Data excerpts:

□ □ □ □ □ □ □

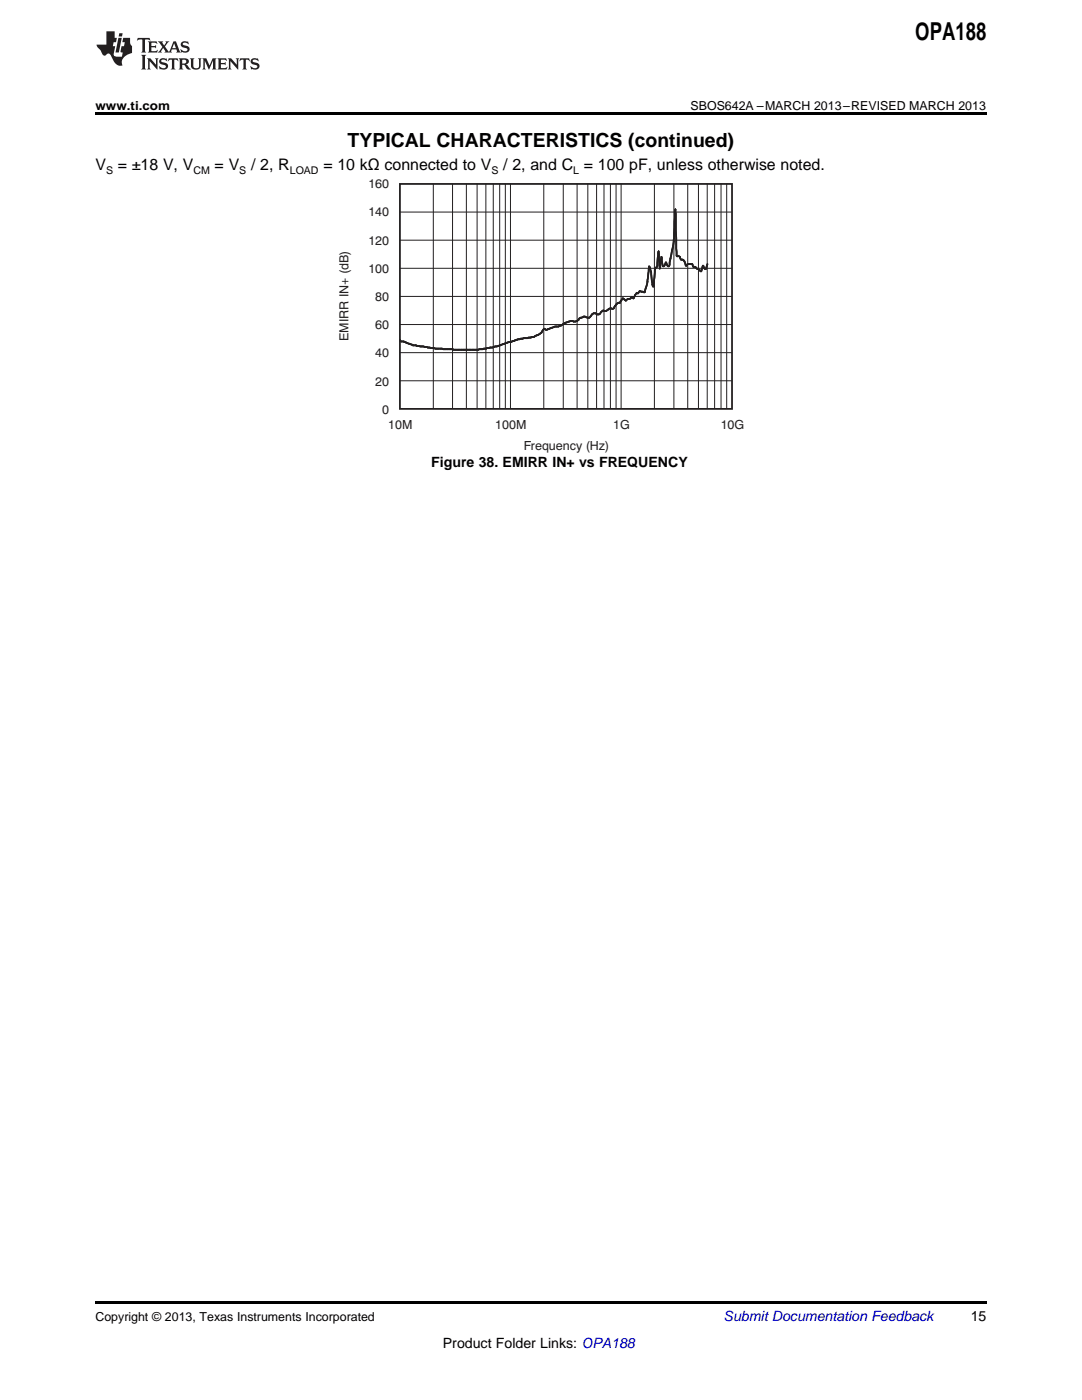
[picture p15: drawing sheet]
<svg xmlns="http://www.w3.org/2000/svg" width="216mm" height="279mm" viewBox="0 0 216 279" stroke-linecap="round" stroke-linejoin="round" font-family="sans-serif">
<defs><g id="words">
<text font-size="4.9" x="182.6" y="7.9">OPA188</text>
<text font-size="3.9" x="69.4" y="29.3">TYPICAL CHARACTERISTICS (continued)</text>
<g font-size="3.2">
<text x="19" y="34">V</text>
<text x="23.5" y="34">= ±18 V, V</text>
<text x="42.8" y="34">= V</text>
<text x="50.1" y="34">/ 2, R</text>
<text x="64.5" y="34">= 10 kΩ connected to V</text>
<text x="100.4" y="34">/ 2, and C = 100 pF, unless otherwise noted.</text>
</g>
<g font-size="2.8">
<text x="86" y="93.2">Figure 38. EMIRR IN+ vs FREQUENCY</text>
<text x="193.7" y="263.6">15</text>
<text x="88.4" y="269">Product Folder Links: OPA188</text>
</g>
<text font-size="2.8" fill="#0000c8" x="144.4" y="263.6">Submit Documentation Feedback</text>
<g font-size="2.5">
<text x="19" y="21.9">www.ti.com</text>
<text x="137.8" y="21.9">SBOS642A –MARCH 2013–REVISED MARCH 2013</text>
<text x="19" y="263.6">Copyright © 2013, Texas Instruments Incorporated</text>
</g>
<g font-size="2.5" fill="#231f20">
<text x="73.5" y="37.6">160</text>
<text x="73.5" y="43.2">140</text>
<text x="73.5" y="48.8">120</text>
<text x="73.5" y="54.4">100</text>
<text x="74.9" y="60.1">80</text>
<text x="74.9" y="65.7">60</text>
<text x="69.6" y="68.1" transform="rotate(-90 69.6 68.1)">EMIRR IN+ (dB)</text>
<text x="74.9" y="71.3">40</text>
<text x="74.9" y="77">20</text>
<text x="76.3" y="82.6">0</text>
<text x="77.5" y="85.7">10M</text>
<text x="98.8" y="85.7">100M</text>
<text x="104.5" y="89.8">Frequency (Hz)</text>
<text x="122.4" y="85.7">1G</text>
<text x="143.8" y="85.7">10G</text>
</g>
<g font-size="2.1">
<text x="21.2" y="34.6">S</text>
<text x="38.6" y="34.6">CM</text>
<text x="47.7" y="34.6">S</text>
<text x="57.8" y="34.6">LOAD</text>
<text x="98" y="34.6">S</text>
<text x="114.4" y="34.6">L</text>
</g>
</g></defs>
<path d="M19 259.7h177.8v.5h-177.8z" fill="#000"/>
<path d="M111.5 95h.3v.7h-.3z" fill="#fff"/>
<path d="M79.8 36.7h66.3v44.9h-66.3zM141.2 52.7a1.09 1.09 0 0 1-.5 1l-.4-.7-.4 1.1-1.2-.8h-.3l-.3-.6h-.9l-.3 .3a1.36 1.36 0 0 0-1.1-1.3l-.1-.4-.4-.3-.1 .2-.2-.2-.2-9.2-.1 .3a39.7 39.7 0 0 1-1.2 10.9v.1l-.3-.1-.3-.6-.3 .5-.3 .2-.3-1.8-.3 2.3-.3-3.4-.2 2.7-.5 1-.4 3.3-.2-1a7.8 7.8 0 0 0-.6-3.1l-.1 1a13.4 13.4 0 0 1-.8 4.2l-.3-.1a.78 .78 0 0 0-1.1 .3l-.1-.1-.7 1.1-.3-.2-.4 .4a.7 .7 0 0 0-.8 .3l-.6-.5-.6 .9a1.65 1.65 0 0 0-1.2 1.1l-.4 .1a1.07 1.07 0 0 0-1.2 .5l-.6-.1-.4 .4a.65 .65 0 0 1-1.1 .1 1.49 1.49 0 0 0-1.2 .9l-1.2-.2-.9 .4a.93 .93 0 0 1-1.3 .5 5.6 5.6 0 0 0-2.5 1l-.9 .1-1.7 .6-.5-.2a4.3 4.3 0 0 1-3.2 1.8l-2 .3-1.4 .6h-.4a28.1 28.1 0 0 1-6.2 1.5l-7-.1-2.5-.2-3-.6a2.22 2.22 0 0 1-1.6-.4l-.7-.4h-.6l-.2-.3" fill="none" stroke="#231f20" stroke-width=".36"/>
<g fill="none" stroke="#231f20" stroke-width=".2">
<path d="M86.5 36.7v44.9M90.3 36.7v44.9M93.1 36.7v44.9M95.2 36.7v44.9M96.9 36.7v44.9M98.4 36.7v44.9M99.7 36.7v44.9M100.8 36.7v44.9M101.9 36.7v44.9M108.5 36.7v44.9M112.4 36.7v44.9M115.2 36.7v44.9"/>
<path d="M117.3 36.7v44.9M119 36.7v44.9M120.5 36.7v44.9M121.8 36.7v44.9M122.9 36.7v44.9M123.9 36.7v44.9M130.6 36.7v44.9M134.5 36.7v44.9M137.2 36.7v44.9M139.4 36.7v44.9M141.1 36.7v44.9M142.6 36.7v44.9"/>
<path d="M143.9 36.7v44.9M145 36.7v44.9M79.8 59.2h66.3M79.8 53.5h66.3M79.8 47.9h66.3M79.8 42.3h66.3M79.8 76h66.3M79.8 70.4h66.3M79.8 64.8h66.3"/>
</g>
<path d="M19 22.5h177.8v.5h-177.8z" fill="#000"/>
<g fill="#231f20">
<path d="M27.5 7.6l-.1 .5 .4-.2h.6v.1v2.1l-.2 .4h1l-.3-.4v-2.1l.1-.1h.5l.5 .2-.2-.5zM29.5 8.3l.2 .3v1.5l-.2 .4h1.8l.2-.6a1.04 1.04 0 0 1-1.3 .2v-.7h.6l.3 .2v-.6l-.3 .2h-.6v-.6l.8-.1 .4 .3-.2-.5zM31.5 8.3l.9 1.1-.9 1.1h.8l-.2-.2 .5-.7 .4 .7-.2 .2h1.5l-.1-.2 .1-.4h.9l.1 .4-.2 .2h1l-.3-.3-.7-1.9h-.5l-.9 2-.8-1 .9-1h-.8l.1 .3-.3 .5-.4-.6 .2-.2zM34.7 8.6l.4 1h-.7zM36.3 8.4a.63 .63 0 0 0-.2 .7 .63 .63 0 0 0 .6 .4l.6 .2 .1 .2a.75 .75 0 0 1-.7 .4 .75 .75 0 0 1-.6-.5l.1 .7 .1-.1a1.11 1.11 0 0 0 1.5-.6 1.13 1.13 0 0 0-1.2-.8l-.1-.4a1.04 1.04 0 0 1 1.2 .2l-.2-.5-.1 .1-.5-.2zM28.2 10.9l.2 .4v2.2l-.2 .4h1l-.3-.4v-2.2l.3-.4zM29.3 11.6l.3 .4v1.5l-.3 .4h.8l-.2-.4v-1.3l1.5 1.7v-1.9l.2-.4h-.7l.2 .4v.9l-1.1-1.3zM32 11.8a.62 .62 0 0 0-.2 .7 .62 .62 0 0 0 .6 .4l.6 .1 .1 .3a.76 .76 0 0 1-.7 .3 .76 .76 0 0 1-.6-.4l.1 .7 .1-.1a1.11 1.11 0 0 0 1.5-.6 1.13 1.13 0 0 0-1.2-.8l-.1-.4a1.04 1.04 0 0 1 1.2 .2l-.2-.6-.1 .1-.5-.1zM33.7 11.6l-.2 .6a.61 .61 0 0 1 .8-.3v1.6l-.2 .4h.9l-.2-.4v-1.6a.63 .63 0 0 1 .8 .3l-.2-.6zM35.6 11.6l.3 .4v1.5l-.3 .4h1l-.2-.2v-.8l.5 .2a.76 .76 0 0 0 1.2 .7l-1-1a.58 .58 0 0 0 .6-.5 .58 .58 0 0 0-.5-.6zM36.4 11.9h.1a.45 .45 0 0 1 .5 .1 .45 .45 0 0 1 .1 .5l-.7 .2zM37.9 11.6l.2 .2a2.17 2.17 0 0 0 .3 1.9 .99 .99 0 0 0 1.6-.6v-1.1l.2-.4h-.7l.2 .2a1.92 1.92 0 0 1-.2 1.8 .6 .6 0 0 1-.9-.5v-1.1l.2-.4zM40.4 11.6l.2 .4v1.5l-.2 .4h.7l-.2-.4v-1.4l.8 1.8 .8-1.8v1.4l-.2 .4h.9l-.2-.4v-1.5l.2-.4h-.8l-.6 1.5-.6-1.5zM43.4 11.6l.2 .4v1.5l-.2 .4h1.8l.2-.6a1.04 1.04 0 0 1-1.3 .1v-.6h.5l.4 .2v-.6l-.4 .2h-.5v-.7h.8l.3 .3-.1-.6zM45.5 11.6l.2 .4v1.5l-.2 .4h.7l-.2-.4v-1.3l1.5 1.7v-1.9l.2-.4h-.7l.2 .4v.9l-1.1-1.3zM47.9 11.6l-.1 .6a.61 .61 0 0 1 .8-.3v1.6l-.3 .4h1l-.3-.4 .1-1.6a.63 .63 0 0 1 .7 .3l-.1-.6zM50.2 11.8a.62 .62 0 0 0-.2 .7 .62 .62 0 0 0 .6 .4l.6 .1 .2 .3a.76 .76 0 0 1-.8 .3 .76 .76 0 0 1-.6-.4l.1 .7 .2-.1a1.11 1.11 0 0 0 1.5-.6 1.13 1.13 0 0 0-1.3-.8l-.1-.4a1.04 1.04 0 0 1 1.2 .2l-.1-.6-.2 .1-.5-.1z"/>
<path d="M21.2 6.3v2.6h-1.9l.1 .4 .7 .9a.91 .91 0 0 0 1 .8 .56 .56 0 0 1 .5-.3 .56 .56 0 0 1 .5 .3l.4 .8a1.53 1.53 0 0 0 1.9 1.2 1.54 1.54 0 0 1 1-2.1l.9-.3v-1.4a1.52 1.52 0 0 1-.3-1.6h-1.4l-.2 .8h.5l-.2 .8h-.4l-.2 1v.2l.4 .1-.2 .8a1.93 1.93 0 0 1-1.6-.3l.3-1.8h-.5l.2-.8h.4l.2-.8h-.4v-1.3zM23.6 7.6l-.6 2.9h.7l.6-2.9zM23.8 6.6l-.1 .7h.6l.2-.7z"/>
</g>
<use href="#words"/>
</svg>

□ □ □ □ □ □ □

### Your instructions
Copy out every line in the records where the word "size" is found.

### Answer section
<text font-size="4.9" x="182.6" y="7.9">OPA188</text>
<text font-size="3.9" x="69.4" y="29.3">TYPICAL CHARACTERISTICS (continued)</text>
<g font-size="3.2">
<g font-size="2.8">
<text font-size="2.8" fill="#0000c8" x="144.4" y="263.6">Submit Documentation Feedback</text>
<g font-size="2.5">
<g font-size="2.5" fill="#231f20">
<g font-size="2.1">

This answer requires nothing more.